— Assignment —
Across the listing below, state how many lines hold the string "Answer"; write nothing but that number.

— Data shown —
....
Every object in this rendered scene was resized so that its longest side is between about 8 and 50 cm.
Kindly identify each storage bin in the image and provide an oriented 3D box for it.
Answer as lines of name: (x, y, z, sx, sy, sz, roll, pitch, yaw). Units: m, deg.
....
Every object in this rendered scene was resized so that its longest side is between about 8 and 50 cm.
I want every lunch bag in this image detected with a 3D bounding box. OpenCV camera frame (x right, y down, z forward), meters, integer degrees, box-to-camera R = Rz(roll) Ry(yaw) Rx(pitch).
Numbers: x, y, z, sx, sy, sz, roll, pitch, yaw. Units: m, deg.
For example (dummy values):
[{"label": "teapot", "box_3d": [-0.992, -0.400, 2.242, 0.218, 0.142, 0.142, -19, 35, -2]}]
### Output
....
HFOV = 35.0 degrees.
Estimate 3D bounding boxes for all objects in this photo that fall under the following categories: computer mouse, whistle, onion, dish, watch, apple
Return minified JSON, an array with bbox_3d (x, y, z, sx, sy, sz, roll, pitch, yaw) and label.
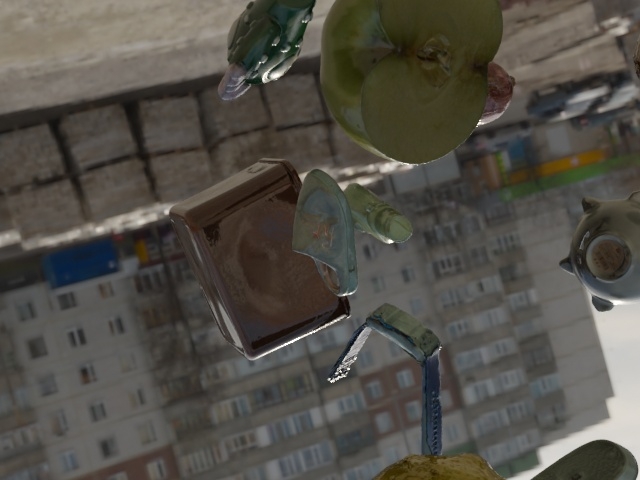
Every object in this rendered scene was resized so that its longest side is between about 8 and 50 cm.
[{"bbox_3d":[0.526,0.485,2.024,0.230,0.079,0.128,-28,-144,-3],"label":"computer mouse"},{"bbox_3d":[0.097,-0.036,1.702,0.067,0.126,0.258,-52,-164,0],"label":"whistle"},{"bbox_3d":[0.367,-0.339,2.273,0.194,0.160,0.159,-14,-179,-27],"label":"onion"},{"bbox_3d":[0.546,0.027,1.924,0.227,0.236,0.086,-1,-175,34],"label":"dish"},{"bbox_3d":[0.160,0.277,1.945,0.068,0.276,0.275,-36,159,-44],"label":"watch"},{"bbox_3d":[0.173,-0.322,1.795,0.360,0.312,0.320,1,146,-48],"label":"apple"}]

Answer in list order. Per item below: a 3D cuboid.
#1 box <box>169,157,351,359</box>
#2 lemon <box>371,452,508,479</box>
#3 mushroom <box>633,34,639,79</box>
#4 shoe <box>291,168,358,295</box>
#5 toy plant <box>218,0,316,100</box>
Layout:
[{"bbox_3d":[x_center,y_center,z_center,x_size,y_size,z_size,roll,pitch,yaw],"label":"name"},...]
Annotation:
....
— Output for this task —
2